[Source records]
....................

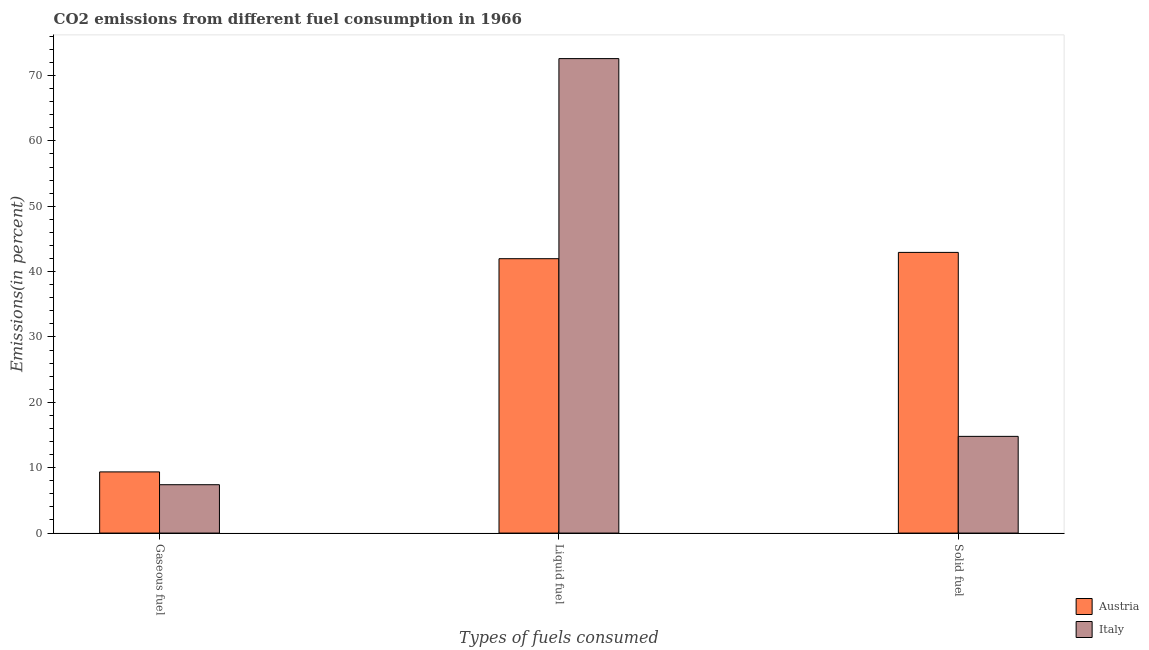How many different coloured bars are there?
Make the answer very short. 2. How many groups of bars are there?
Your answer should be very brief. 3. Are the number of bars per tick equal to the number of legend labels?
Offer a terse response. Yes. How many bars are there on the 1st tick from the right?
Make the answer very short. 2. What is the label of the 2nd group of bars from the left?
Ensure brevity in your answer.  Liquid fuel. What is the percentage of gaseous fuel emission in Austria?
Offer a very short reply. 9.36. Across all countries, what is the maximum percentage of solid fuel emission?
Offer a terse response. 42.94. Across all countries, what is the minimum percentage of liquid fuel emission?
Offer a very short reply. 41.98. In which country was the percentage of liquid fuel emission minimum?
Provide a succinct answer. Austria. What is the total percentage of gaseous fuel emission in the graph?
Provide a succinct answer. 16.76. What is the difference between the percentage of gaseous fuel emission in Italy and that in Austria?
Your answer should be compact. -1.96. What is the difference between the percentage of solid fuel emission in Austria and the percentage of liquid fuel emission in Italy?
Keep it short and to the point. -29.65. What is the average percentage of solid fuel emission per country?
Provide a short and direct response. 28.87. What is the difference between the percentage of gaseous fuel emission and percentage of liquid fuel emission in Italy?
Your answer should be very brief. -65.19. What is the ratio of the percentage of gaseous fuel emission in Italy to that in Austria?
Give a very brief answer. 0.79. Is the difference between the percentage of gaseous fuel emission in Italy and Austria greater than the difference between the percentage of liquid fuel emission in Italy and Austria?
Your response must be concise. No. What is the difference between the highest and the second highest percentage of solid fuel emission?
Provide a short and direct response. 28.14. What is the difference between the highest and the lowest percentage of gaseous fuel emission?
Offer a terse response. 1.96. In how many countries, is the percentage of liquid fuel emission greater than the average percentage of liquid fuel emission taken over all countries?
Keep it short and to the point. 1. Is it the case that in every country, the sum of the percentage of gaseous fuel emission and percentage of liquid fuel emission is greater than the percentage of solid fuel emission?
Your answer should be compact. Yes. How many countries are there in the graph?
Provide a short and direct response. 2. Are the values on the major ticks of Y-axis written in scientific E-notation?
Your answer should be compact. No. Does the graph contain grids?
Provide a short and direct response. No. How are the legend labels stacked?
Provide a succinct answer. Vertical. What is the title of the graph?
Keep it short and to the point. CO2 emissions from different fuel consumption in 1966. Does "Swaziland" appear as one of the legend labels in the graph?
Offer a very short reply. No. What is the label or title of the X-axis?
Ensure brevity in your answer.  Types of fuels consumed. What is the label or title of the Y-axis?
Your answer should be compact. Emissions(in percent). What is the Emissions(in percent) in Austria in Gaseous fuel?
Provide a short and direct response. 9.36. What is the Emissions(in percent) in Italy in Gaseous fuel?
Keep it short and to the point. 7.4. What is the Emissions(in percent) in Austria in Liquid fuel?
Offer a very short reply. 41.98. What is the Emissions(in percent) in Italy in Liquid fuel?
Offer a very short reply. 72.59. What is the Emissions(in percent) in Austria in Solid fuel?
Give a very brief answer. 42.94. What is the Emissions(in percent) in Italy in Solid fuel?
Provide a short and direct response. 14.79. Across all Types of fuels consumed, what is the maximum Emissions(in percent) in Austria?
Keep it short and to the point. 42.94. Across all Types of fuels consumed, what is the maximum Emissions(in percent) in Italy?
Offer a terse response. 72.59. Across all Types of fuels consumed, what is the minimum Emissions(in percent) of Austria?
Your response must be concise. 9.36. Across all Types of fuels consumed, what is the minimum Emissions(in percent) in Italy?
Your answer should be compact. 7.4. What is the total Emissions(in percent) in Austria in the graph?
Your answer should be very brief. 94.27. What is the total Emissions(in percent) of Italy in the graph?
Ensure brevity in your answer.  94.78. What is the difference between the Emissions(in percent) in Austria in Gaseous fuel and that in Liquid fuel?
Give a very brief answer. -32.62. What is the difference between the Emissions(in percent) in Italy in Gaseous fuel and that in Liquid fuel?
Ensure brevity in your answer.  -65.19. What is the difference between the Emissions(in percent) in Austria in Gaseous fuel and that in Solid fuel?
Ensure brevity in your answer.  -33.58. What is the difference between the Emissions(in percent) in Italy in Gaseous fuel and that in Solid fuel?
Your answer should be compact. -7.4. What is the difference between the Emissions(in percent) of Austria in Liquid fuel and that in Solid fuel?
Make the answer very short. -0.96. What is the difference between the Emissions(in percent) of Italy in Liquid fuel and that in Solid fuel?
Your answer should be very brief. 57.79. What is the difference between the Emissions(in percent) in Austria in Gaseous fuel and the Emissions(in percent) in Italy in Liquid fuel?
Your answer should be very brief. -63.23. What is the difference between the Emissions(in percent) in Austria in Gaseous fuel and the Emissions(in percent) in Italy in Solid fuel?
Provide a short and direct response. -5.44. What is the difference between the Emissions(in percent) of Austria in Liquid fuel and the Emissions(in percent) of Italy in Solid fuel?
Provide a short and direct response. 27.18. What is the average Emissions(in percent) of Austria per Types of fuels consumed?
Your answer should be compact. 31.42. What is the average Emissions(in percent) of Italy per Types of fuels consumed?
Your response must be concise. 31.59. What is the difference between the Emissions(in percent) in Austria and Emissions(in percent) in Italy in Gaseous fuel?
Provide a short and direct response. 1.96. What is the difference between the Emissions(in percent) in Austria and Emissions(in percent) in Italy in Liquid fuel?
Provide a short and direct response. -30.61. What is the difference between the Emissions(in percent) of Austria and Emissions(in percent) of Italy in Solid fuel?
Your answer should be very brief. 28.14. What is the ratio of the Emissions(in percent) of Austria in Gaseous fuel to that in Liquid fuel?
Keep it short and to the point. 0.22. What is the ratio of the Emissions(in percent) in Italy in Gaseous fuel to that in Liquid fuel?
Your answer should be very brief. 0.1. What is the ratio of the Emissions(in percent) in Austria in Gaseous fuel to that in Solid fuel?
Keep it short and to the point. 0.22. What is the ratio of the Emissions(in percent) of Italy in Gaseous fuel to that in Solid fuel?
Offer a terse response. 0.5. What is the ratio of the Emissions(in percent) of Austria in Liquid fuel to that in Solid fuel?
Give a very brief answer. 0.98. What is the ratio of the Emissions(in percent) of Italy in Liquid fuel to that in Solid fuel?
Provide a short and direct response. 4.91. What is the difference between the highest and the second highest Emissions(in percent) in Austria?
Offer a terse response. 0.96. What is the difference between the highest and the second highest Emissions(in percent) of Italy?
Your answer should be compact. 57.79. What is the difference between the highest and the lowest Emissions(in percent) of Austria?
Your answer should be very brief. 33.58. What is the difference between the highest and the lowest Emissions(in percent) of Italy?
Provide a short and direct response. 65.19.

....................

§ **Task description**
Repeat all the data as it stands, dropping any images it holds.

§ **Result**
How many different coloured bars are there?
Make the answer very short. 2. How many groups of bars are there?
Your answer should be very brief. 3. Are the number of bars per tick equal to the number of legend labels?
Offer a terse response. Yes. How many bars are there on the 1st tick from the right?
Make the answer very short. 2. What is the label of the 2nd group of bars from the left?
Ensure brevity in your answer.  Liquid fuel. What is the percentage of gaseous fuel emission in Austria?
Offer a very short reply. 9.36. Across all countries, what is the maximum percentage of solid fuel emission?
Offer a terse response. 42.94. Across all countries, what is the minimum percentage of liquid fuel emission?
Offer a very short reply. 41.98. In which country was the percentage of liquid fuel emission minimum?
Provide a succinct answer. Austria. What is the total percentage of gaseous fuel emission in the graph?
Provide a succinct answer. 16.76. What is the difference between the percentage of gaseous fuel emission in Italy and that in Austria?
Your answer should be compact. -1.96. What is the difference between the percentage of solid fuel emission in Austria and the percentage of liquid fuel emission in Italy?
Keep it short and to the point. -29.65. What is the average percentage of solid fuel emission per country?
Provide a short and direct response. 28.87. What is the difference between the percentage of gaseous fuel emission and percentage of liquid fuel emission in Italy?
Your answer should be very brief. -65.19. What is the ratio of the percentage of gaseous fuel emission in Italy to that in Austria?
Give a very brief answer. 0.79. Is the difference between the percentage of gaseous fuel emission in Italy and Austria greater than the difference between the percentage of liquid fuel emission in Italy and Austria?
Your response must be concise. No. What is the difference between the highest and the second highest percentage of solid fuel emission?
Provide a short and direct response. 28.14. What is the difference between the highest and the lowest percentage of gaseous fuel emission?
Offer a terse response. 1.96. In how many countries, is the percentage of liquid fuel emission greater than the average percentage of liquid fuel emission taken over all countries?
Keep it short and to the point. 1. Is it the case that in every country, the sum of the percentage of gaseous fuel emission and percentage of liquid fuel emission is greater than the percentage of solid fuel emission?
Your answer should be compact. Yes. How many countries are there in the graph?
Provide a short and direct response. 2. Are the values on the major ticks of Y-axis written in scientific E-notation?
Your answer should be compact. No. Does the graph contain grids?
Provide a short and direct response. No. How are the legend labels stacked?
Provide a succinct answer. Vertical. What is the title of the graph?
Keep it short and to the point. CO2 emissions from different fuel consumption in 1966. Does "Swaziland" appear as one of the legend labels in the graph?
Offer a very short reply. No. What is the label or title of the X-axis?
Ensure brevity in your answer.  Types of fuels consumed. What is the label or title of the Y-axis?
Your answer should be compact. Emissions(in percent). What is the Emissions(in percent) in Austria in Gaseous fuel?
Provide a short and direct response. 9.36. What is the Emissions(in percent) in Italy in Gaseous fuel?
Keep it short and to the point. 7.4. What is the Emissions(in percent) in Austria in Liquid fuel?
Offer a very short reply. 41.98. What is the Emissions(in percent) in Italy in Liquid fuel?
Offer a very short reply. 72.59. What is the Emissions(in percent) in Austria in Solid fuel?
Give a very brief answer. 42.94. What is the Emissions(in percent) in Italy in Solid fuel?
Provide a short and direct response. 14.79. Across all Types of fuels consumed, what is the maximum Emissions(in percent) in Austria?
Keep it short and to the point. 42.94. Across all Types of fuels consumed, what is the maximum Emissions(in percent) in Italy?
Offer a terse response. 72.59. Across all Types of fuels consumed, what is the minimum Emissions(in percent) of Austria?
Your response must be concise. 9.36. Across all Types of fuels consumed, what is the minimum Emissions(in percent) in Italy?
Your answer should be compact. 7.4. What is the total Emissions(in percent) in Austria in the graph?
Your answer should be very brief. 94.27. What is the total Emissions(in percent) of Italy in the graph?
Ensure brevity in your answer.  94.78. What is the difference between the Emissions(in percent) in Austria in Gaseous fuel and that in Liquid fuel?
Give a very brief answer. -32.62. What is the difference between the Emissions(in percent) in Italy in Gaseous fuel and that in Liquid fuel?
Ensure brevity in your answer.  -65.19. What is the difference between the Emissions(in percent) in Austria in Gaseous fuel and that in Solid fuel?
Ensure brevity in your answer.  -33.58. What is the difference between the Emissions(in percent) in Italy in Gaseous fuel and that in Solid fuel?
Your answer should be compact. -7.4. What is the difference between the Emissions(in percent) of Austria in Liquid fuel and that in Solid fuel?
Make the answer very short. -0.96. What is the difference between the Emissions(in percent) of Italy in Liquid fuel and that in Solid fuel?
Your answer should be very brief. 57.79. What is the difference between the Emissions(in percent) in Austria in Gaseous fuel and the Emissions(in percent) in Italy in Liquid fuel?
Your answer should be very brief. -63.23. What is the difference between the Emissions(in percent) in Austria in Gaseous fuel and the Emissions(in percent) in Italy in Solid fuel?
Provide a short and direct response. -5.44. What is the difference between the Emissions(in percent) of Austria in Liquid fuel and the Emissions(in percent) of Italy in Solid fuel?
Provide a short and direct response. 27.18. What is the average Emissions(in percent) of Austria per Types of fuels consumed?
Your answer should be compact. 31.42. What is the average Emissions(in percent) of Italy per Types of fuels consumed?
Your response must be concise. 31.59. What is the difference between the Emissions(in percent) in Austria and Emissions(in percent) in Italy in Gaseous fuel?
Provide a short and direct response. 1.96. What is the difference between the Emissions(in percent) in Austria and Emissions(in percent) in Italy in Liquid fuel?
Provide a short and direct response. -30.61. What is the difference between the Emissions(in percent) of Austria and Emissions(in percent) of Italy in Solid fuel?
Your answer should be very brief. 28.14. What is the ratio of the Emissions(in percent) of Austria in Gaseous fuel to that in Liquid fuel?
Keep it short and to the point. 0.22. What is the ratio of the Emissions(in percent) in Italy in Gaseous fuel to that in Liquid fuel?
Your answer should be very brief. 0.1. What is the ratio of the Emissions(in percent) in Austria in Gaseous fuel to that in Solid fuel?
Keep it short and to the point. 0.22. What is the ratio of the Emissions(in percent) of Italy in Gaseous fuel to that in Solid fuel?
Offer a terse response. 0.5. What is the ratio of the Emissions(in percent) of Austria in Liquid fuel to that in Solid fuel?
Give a very brief answer. 0.98. What is the ratio of the Emissions(in percent) of Italy in Liquid fuel to that in Solid fuel?
Provide a short and direct response. 4.91. What is the difference between the highest and the second highest Emissions(in percent) in Austria?
Offer a terse response. 0.96. What is the difference between the highest and the second highest Emissions(in percent) of Italy?
Your answer should be compact. 57.79. What is the difference between the highest and the lowest Emissions(in percent) of Austria?
Your answer should be very brief. 33.58. What is the difference between the highest and the lowest Emissions(in percent) of Italy?
Provide a short and direct response. 65.19.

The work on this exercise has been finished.